Canonical MusicBrainz data

From MusicBrainz Wiki
Revision as of 14:46, 10 March 2023 by RobertKaye (talk | contribs)
Jump to navigationJump to search

We have created several datasets that use the term “canonical”. Since MusicBrainz aims to catalog all released music, the database contains a lot of different versions of releases or different versions of recordings. We find it important to collect all of these different versions, but in the end it is too much data for most of our users. Fortunately, it is easy to combine multiple pieces of well structured data into something that fits a user’s desired end-use.

However, sometimes it can be challenging to work out which of the many releases/recordings is the one that “most people will think of the most representative version”. Even defining what this means is incredibly difficult, but we’ve attempted to do just that and we’re using the results of this work in our production systems on ListenBrainz to map incoming listens to MusicBrainz entries. When looking at the descriptions our datasets, please consider that “canonical” implies the most representative version. Each of our canonical datasets has a more detailed description of what “canonical” means in that given dataset.

As with our database dumps, in order to keep the MetaBrainz Foundation operating so that these datasets can be maintained and updated further, we require financial support from our commercial users. Without this support, the future of the datasets cannot be guaranteed. As such, even when a specific dataset is available under the Creative Commons Zero (CC0) license (public domain), we still need commercial users of the data to support us, on a moral basis rather than a legal one!

Our canonical data-sets include:

Canonical Release Mapping ( canonical_release_redirect.csv )

For each Release Group in MusicBrainz (e.g. Miles Davis - Kind of Blue), this data-set identifies one Release which is Canonical for this Release Group. Given a Release Group, this data-set can easily give you the Release that is considered Canonical for this Release Group.

Where to download: [http://data.metabrainz.org/pub/musicbrainz/canonical_data/ Canonical Downloads
Updated: 1st and 15 of each month
License: Creative Commons Zero (CC0)
Columns:

 release_mbid
 canonical_release_mbid
 release_group_mbid

Canonical Recording Mapping ( canonical_recording_redirect.csv )

For each recording in MusicBrainz, identify the most canonical version of that recording. This has the effect of redirecting all variations of a recording (single, EP, Live recordings, remasters) to a single recording, often the version that appears on the first Album where it was released.

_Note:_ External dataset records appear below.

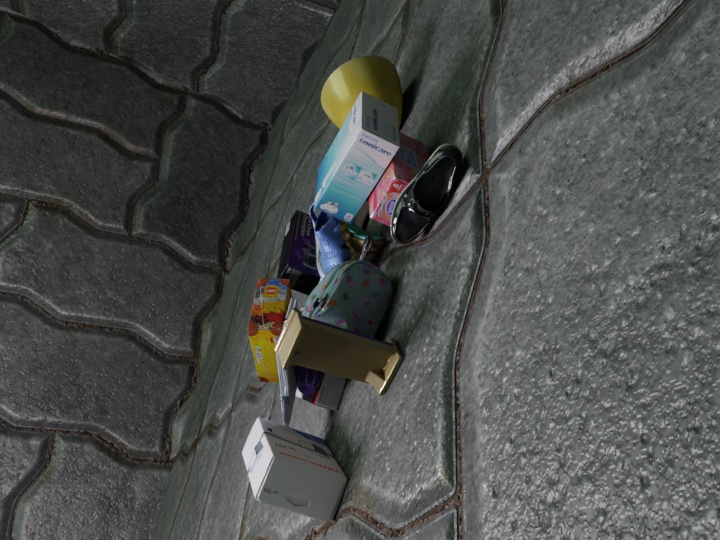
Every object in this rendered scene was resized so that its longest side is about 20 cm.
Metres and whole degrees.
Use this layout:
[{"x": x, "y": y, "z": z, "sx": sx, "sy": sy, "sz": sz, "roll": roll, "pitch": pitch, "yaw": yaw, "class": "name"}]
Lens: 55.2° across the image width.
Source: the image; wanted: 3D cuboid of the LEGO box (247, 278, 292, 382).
[{"x": -0.198, "y": 0.141, "z": 1.588, "sx": 0.201, "sy": 0.076, "sz": 0.150, "roll": 88, "pitch": -174, "yaw": -47, "class": "LEGO box"}]

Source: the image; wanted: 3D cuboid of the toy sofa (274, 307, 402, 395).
[{"x": -0.038, "y": 0.129, "z": 1.154, "sx": 0.083, "sy": 0.199, "sz": 0.098, "roll": -64, "pitch": 23, "yaw": 18, "class": "toy sofa"}]

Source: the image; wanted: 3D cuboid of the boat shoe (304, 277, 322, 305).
[{"x": -0.082, "y": 0.051, "z": 1.586, "sx": 0.201, "sy": 0.070, "sz": 0.091, "roll": -66, "pitch": 23, "yaw": 18, "class": "boat shoe"}]

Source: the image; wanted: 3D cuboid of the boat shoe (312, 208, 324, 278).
[{"x": -0.063, "y": -0.046, "z": 1.504, "sx": 0.062, "sy": 0.071, "sz": 0.201, "roll": 81, "pitch": 179, "yaw": -62, "class": "boat shoe"}]

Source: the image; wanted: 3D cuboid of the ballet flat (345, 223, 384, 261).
[{"x": -0.004, "y": -0.053, "z": 1.482, "sx": 0.200, "sy": 0.067, "sz": 0.073, "roll": -150, "pitch": 66, "yaw": -63, "class": "ballet flat"}]

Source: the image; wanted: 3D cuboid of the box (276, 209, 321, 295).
[{"x": -0.119, "y": -0.036, "z": 1.690, "sx": 0.079, "sy": 0.140, "sz": 0.201, "roll": -51, "pitch": 25, "yaw": 39, "class": "box"}]

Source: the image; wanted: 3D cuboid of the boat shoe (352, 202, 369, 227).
[{"x": -0.020, "y": -0.119, "z": 1.622, "sx": 0.068, "sy": 0.071, "sz": 0.202, "roll": 157, "pitch": 122, "yaw": -66, "class": "boat shoe"}]

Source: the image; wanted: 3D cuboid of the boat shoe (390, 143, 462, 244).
[{"x": 0.114, "y": -0.125, "z": 1.196, "sx": 0.200, "sy": 0.074, "sz": 0.066, "roll": -53, "pitch": 10, "yaw": 18, "class": "boat shoe"}]

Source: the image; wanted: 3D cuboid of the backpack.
[{"x": -0.026, "y": 0.079, "z": 1.289, "sx": 0.126, "sy": 0.167, "sz": 0.201, "roll": -12, "pitch": 45, "yaw": 59, "class": "backpack"}]

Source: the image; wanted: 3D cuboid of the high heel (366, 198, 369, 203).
[{"x": 0.033, "y": -0.187, "z": 1.472, "sx": 0.068, "sy": 0.095, "sz": 0.201, "roll": -59, "pitch": 20, "yaw": 29, "class": "high heel"}]

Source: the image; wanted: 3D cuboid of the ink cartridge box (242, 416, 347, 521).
[{"x": -0.123, "y": 0.354, "z": 1.244, "sx": 0.086, "sy": 0.146, "sz": 0.200, "roll": -67, "pitch": 18, "yaw": -1, "class": "ink cartridge box"}]

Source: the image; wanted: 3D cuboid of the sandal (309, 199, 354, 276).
[{"x": -0.066, "y": -0.069, "z": 1.416, "sx": 0.079, "sy": 0.087, "sz": 0.202, "roll": -20, "pitch": 68, "yaw": 31, "class": "sandal"}]

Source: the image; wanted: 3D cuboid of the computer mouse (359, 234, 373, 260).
[{"x": 0.000, "y": 0.000, "z": 1.422, "sx": 0.200, "sy": 0.034, "sz": 0.059, "roll": 114, "pitch": 169, "yaw": -51, "class": "computer mouse"}]

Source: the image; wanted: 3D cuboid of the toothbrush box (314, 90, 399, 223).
[{"x": -0.008, "y": -0.218, "z": 1.330, "sx": 0.200, "sy": 0.085, "sz": 0.147, "roll": -57, "pitch": 20, "yaw": 35, "class": "toothbrush box"}]

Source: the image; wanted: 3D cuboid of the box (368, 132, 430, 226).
[{"x": 0.077, "y": -0.175, "z": 1.328, "sx": 0.103, "sy": 0.094, "sz": 0.201, "roll": -56, "pitch": 21, "yaw": 33, "class": "box"}]

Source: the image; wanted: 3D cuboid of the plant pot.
[{"x": 0.023, "y": -0.379, "z": 1.625, "sx": 0.200, "sy": 0.199, "sz": 0.143, "roll": -54, "pitch": 49, "yaw": 41, "class": "plant pot"}]

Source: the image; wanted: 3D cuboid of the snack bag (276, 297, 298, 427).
[{"x": -0.138, "y": 0.186, "z": 1.370, "sx": 0.189, "sy": 0.021, "sz": 0.201, "roll": -84, "pitch": -5, "yaw": -59, "class": "snack bag"}]

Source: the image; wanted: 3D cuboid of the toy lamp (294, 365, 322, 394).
[{"x": -0.099, "y": 0.159, "z": 1.381, "sx": 0.058, "sy": 0.058, "sz": 0.201, "roll": -55, "pitch": 23, "yaw": 38, "class": "toy lamp"}]

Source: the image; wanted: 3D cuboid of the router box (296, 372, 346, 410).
[{"x": -0.067, "y": 0.181, "z": 1.437, "sx": 0.179, "sy": 0.049, "sz": 0.201, "roll": -13, "pitch": 58, "yaw": 70, "class": "router box"}]
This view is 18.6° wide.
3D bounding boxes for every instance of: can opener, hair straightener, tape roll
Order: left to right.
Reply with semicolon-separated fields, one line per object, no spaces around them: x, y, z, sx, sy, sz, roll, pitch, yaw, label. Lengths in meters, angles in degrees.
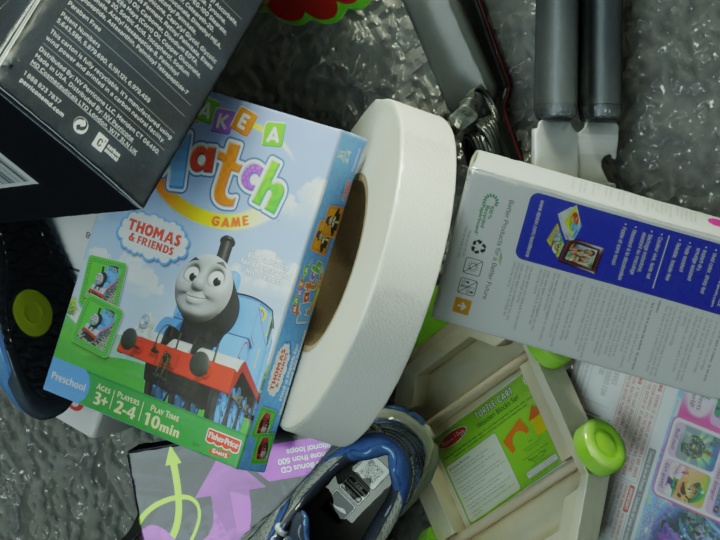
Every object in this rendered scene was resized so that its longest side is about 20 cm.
0.000;0.000;1.269;0.037;0.203;0.204;17;111;-14;tape roll
0.064;-0.079;1.276;0.041;0.077;0.202;-15;90;26;hair straightener
0.118;-0.100;1.251;0.066;0.052;0.202;-166;77;-73;can opener

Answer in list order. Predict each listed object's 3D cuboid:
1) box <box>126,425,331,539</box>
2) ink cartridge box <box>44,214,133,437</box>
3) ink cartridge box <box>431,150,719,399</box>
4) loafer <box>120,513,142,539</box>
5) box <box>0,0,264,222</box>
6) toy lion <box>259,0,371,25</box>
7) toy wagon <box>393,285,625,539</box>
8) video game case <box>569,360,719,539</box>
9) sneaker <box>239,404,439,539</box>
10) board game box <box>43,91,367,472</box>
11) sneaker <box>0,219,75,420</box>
-0.056;0.195;1.343;0.142;0.036;0.202;-11;93;7;box
-0.178;-0.013;1.422;0.145;0.084;0.202;26;109;24;ink cartridge box
0.145;0.007;1.213;0.198;0.037;0.095;17;116;5;ink cartridge box
-0.111;0.150;1.415;0.199;0.073;0.073;-32;92;19;loafer
-0.170;-0.142;1.261;0.199;0.124;0.198;-2;54;53;box
-0.049;-0.236;1.278;0.192;0.069;0.200;43;143;-10;toy lion
0.073;0.084;1.306;0.155;0.039;0.201;-38;68;39;toy wagon
0.205;0.081;1.253;0.181;0.024;0.202;22;108;25;video game case
-0.033;0.165;1.278;0.077;0.085;0.201;34;98;4;sneaker
-0.093;-0.002;1.287;0.150;0.037;0.202;18;91;31;board game box
-0.232;0.001;1.374;0.078;0.066;0.202;-24;84;43;sneaker

Where to download: [http://data.metabrainz.org/pub/musicbrainz/canonical_data/ Canonical Downloads
Updated: 1st and 15 of each month
License: Creative Commons Zero (CC0)
Columns:

 recording_mbid
 canonical_recording_mbid
 canonical_release_mbid

Canonical Metadata ( canonical_musicbrainz_data.csv )

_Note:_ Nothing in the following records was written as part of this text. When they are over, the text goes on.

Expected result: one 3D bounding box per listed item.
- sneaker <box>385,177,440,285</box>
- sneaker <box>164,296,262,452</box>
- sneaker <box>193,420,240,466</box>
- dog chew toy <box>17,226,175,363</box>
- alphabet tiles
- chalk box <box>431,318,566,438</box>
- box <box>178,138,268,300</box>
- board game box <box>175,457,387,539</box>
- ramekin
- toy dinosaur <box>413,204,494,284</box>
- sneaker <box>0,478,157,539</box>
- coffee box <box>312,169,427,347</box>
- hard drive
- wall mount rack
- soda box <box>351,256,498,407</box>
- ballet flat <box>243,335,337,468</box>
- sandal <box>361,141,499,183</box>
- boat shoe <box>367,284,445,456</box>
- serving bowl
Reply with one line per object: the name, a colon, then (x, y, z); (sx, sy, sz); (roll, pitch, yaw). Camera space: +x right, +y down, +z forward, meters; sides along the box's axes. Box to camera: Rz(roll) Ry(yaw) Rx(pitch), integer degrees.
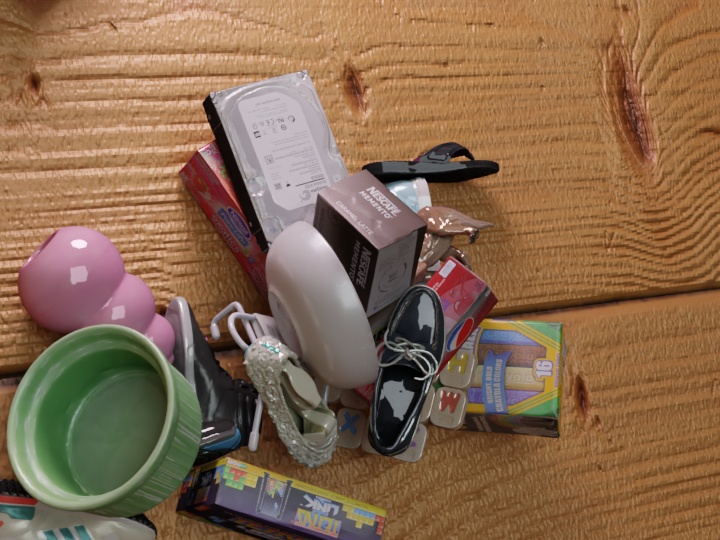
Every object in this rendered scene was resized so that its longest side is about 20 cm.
sneaker: (0.058, -0.020, 1.625); (0.082, 0.074, 0.201); (-6, 76, -7)
sneaker: (-0.175, 0.127, 1.485); (0.099, 0.071, 0.201); (-7, 80, -33)
sneaker: (-0.235, 0.183, 1.402); (0.199, 0.073, 0.082); (-8, 67, 6)
dog chew toy: (-0.294, 0.044, 1.424); (0.200, 0.124, 0.125); (44, 64, -17)
alphabet tiles: (0.040, 0.131, 1.530); (0.199, 0.015, 0.196); (10, 74, 22)
chalk box: (0.156, 0.134, 1.572); (0.199, 0.124, 0.124); (4, 73, 12)
box: (-0.122, -0.077, 1.537); (0.100, 0.095, 0.200); (-36, 93, -27)
board game box: (-0.093, 0.278, 1.424); (0.199, 0.165, 0.057); (21, 70, -17)
ramekin: (-0.267, 0.168, 1.329); (0.199, 0.098, 0.201); (-8, 65, 18)
toy dinosaur: (0.069, -0.035, 1.555); (0.200, 0.086, 0.136); (-38, 54, -14)
sneaker: (-0.330, 0.296, 1.381); (0.199, 0.070, 0.094); (17, 91, -23)
coffee box: (0.000, 0.000, 1.459); (0.080, 0.200, 0.114); (-27, 57, -33)
hard drive: (-0.091, -0.132, 1.492); (0.139, 0.038, 0.201); (-18, 85, -29)
wall mount rack: (-0.095, 0.127, 1.463); (0.200, 0.075, 0.174); (18, 39, -50)
soda box: (0.075, 0.085, 1.487); (0.063, 0.070, 0.200); (39, 87, 25)
ballet flat: (-0.066, 0.157, 1.398); (0.072, 0.072, 0.200); (-49, 130, -25)
sandal: (0.098, -0.147, 1.662); (0.200, 0.075, 0.048); (-2, 81, -23)
boat shoe: (0.050, 0.112, 1.411); (0.075, 0.062, 0.201); (18, 83, 8)
serving bowl: (-0.056, 0.048, 1.390); (0.066, 0.200, 0.201); (-24, 87, -16)
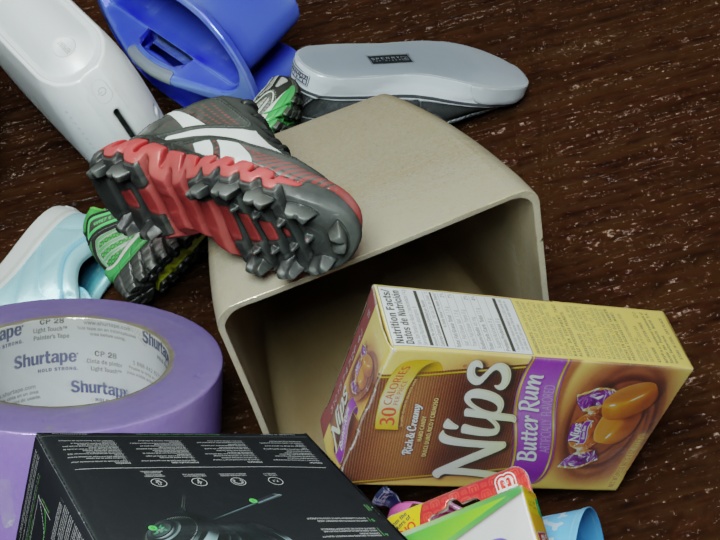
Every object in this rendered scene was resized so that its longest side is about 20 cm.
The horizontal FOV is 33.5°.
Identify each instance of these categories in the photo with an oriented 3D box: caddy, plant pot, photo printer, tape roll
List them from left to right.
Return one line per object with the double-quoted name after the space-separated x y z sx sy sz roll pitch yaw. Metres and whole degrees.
-0.186 0.093 0.761 0.197 0.086 0.200 3 21 -1 "tape roll"
-0.228 -0.154 0.939 0.069 0.167 0.200 -41 62 -10 "photo printer"
-0.135 -0.191 0.964 0.199 0.142 0.105 35 65 27 "caddy"
0.000 0.000 0.799 0.198 0.201 0.178 -21 46 -6 "plant pot"

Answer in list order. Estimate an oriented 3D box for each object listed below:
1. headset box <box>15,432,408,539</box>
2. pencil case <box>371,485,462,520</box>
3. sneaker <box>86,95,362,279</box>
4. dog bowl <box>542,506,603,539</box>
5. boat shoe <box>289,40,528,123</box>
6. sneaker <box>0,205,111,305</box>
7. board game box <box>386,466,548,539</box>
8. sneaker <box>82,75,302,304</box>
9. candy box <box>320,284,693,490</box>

A list of metadata that the canonical release and canonical recording mapping refer to. While this data-set does not provide any new features, we provide the data-set as a helper in order to quickly access the MusicBrainz data, without having to download the entire MusicBrainz database.

This table serves as the basis for our ListenBrainz MBID mapper that takes incoming listen data that is comprised only of an Artist Name and a Track Name and attempts to work out which the canonical track in MusicBrainz is. The combined_lookup fields is particularly useful for creating such a mapping -- see the detailed column descriptions below.

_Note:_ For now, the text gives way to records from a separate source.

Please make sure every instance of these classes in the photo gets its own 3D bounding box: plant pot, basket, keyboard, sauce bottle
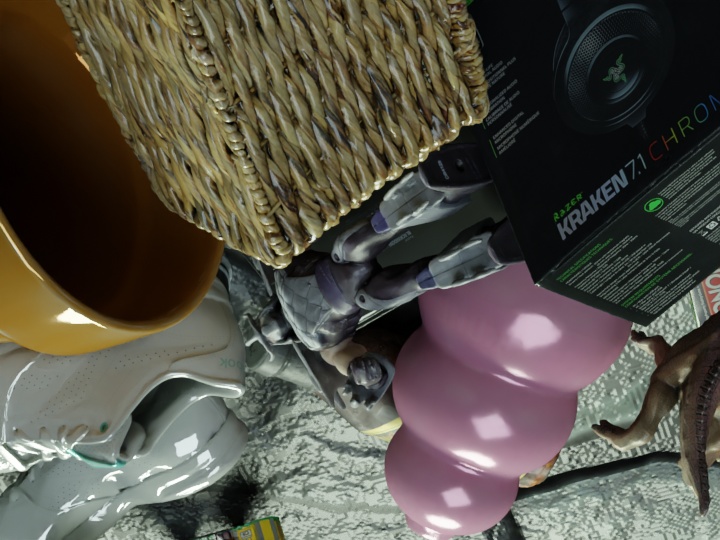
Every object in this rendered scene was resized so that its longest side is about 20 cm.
[{"bbox_3d":[-0.199,-0.041,1.270,0.182,0.201,0.200,-19,133,32],"label":"plant pot"},{"bbox_3d":[-0.049,-0.131,1.184,0.149,0.142,0.201,-37,128,-21],"label":"basket"},{"bbox_3d":[0.001,-0.042,1.339,0.127,0.021,0.200,51,135,-8],"label":"keyboard"},{"bbox_3d":[0.026,0.071,1.466,0.199,0.066,0.066,21,127,-21],"label":"sauce bottle"}]

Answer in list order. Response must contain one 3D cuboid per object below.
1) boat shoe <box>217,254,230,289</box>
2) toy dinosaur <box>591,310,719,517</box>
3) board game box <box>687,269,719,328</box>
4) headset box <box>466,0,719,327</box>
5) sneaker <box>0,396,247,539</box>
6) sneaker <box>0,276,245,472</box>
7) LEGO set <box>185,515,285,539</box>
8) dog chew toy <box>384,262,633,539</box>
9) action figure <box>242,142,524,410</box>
[{"bbox_3d":[-0.166,0.040,1.397,0.199,0.071,0.072,-24,131,12],"label":"boat shoe"},{"bbox_3d":[0.203,0.043,1.321,0.086,0.200,0.136,41,122,0],"label":"toy dinosaur"},{"bbox_3d":[0.216,-0.059,1.368,0.198,0.062,0.201,-12,133,7],"label":"board game box"},{"bbox_3d":[0.142,-0.108,1.231,0.092,0.201,0.174,20,130,-43],"label":"headset box"},{"bbox_3d":[-0.169,0.111,1.477,0.199,0.075,0.089,-29,112,18],"label":"sneaker"},{"bbox_3d":[-0.153,0.076,1.312,0.199,0.089,0.075,-28,144,7],"label":"sneaker"},{"bbox_3d":[-0.123,0.234,1.504,0.199,0.117,0.153,-8,165,-43],"label":"LEGO set"},{"bbox_3d":[0.074,0.058,1.387,0.124,0.125,0.201,18,102,-21],"label":"dog chew toy"},{"bbox_3d":[0.000,0.000,1.305,0.199,0.069,0.131,-31,94,42],"label":"action figure"}]
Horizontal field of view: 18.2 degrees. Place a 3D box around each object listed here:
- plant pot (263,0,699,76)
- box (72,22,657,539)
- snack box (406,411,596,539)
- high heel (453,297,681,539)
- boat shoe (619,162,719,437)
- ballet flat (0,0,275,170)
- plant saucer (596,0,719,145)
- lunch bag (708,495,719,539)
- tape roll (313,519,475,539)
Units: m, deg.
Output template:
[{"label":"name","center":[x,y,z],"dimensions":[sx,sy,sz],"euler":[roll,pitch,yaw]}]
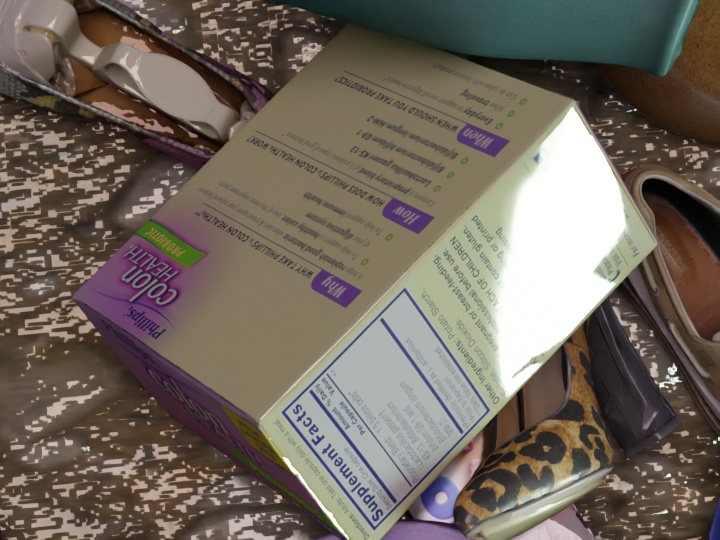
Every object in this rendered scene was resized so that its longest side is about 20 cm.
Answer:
[{"label":"plant pot","center":[0.077,-0.182,1.005],"dimensions":[0.187,0.200,0.201],"euler":[21,80,7]},{"label":"box","center":[0.000,0.000,1.035],"dimensions":[0.200,0.176,0.097],"euler":[-45,127,-13]},{"label":"snack box","center":[0.083,0.149,1.100],"dimensions":[0.072,0.024,0.201],"euler":[-31,82,-5]},{"label":"high heel","center":[0.066,0.044,1.052],"dimensions":[0.071,0.200,0.143],"euler":[-35,84,33]},{"label":"boat shoe","center":[0.189,0.032,1.101],"dimensions":[0.075,0.068,0.200],"euler":[-43,85,-10]},{"label":"ballet flat","center":[-0.126,-0.104,1.118],"dimensions":[0.199,0.071,0.069],"euler":[25,81,4]},{"label":"plant saucer","center":[0.203,-0.153,1.106],"dimensions":[0.199,0.035,0.201],"euler":[-3,109,-8]},{"label":"lunch bag","center":[0.249,0.158,1.046],"dimensions":[0.169,0.127,0.201],"euler":[13,77,-11]},{"label":"tape roll","center":[0.022,0.217,1.051],"dimensions":[0.199,0.066,0.201],"euler":[-1,84,5]}]

If you have a body of music metadata that needs to get matched to MusicBrainz, this table can be quite helpful! Using the combined_lookup field you can quickly implement a fuzzy metadata lookup for all of the data elements that you need to find MusicBrainz IDs for.

Where to download: [http://data.metabrainz.org/pub/musicbrainz/canonical_data/ Canonical Downloads
Updated: 1st and 15 of each month
License: Creative Commons Zero (CC0)
Columns:

 id
 artist_credit_id
 artist_mbids
 artist_credit_name
 release_mbid
 release_name
 recording_mbid
 recording_name
 combined_lookup
 score
 year

All fields except for the ones defined below, are common MusicBrainz fields, whose definition you can find in our schema docs. The remaining fields are:

combined_lookup: This is comprised of the artist_credit_name and recording_name, with punctuation, superfluous whitespace removed and any non-ASCII characters converted into ASCII (see https://pypi.org/project/Unidecode/ for more details on this). This field therefore contains all of the useful components of artist_credit and recording_name in a way that makes it easy to lookup tracks, especially if you have fuzzy search capabilities.
score: The score column indicates a priority order of all of the items. Some searching systems, such as Typesense, require its data to be ordered

Using the combined_lookuo and score functions you can take this data and index it using Typesense and then start making fuzzy lookup queries against this data to match your own data to MusicBrainz.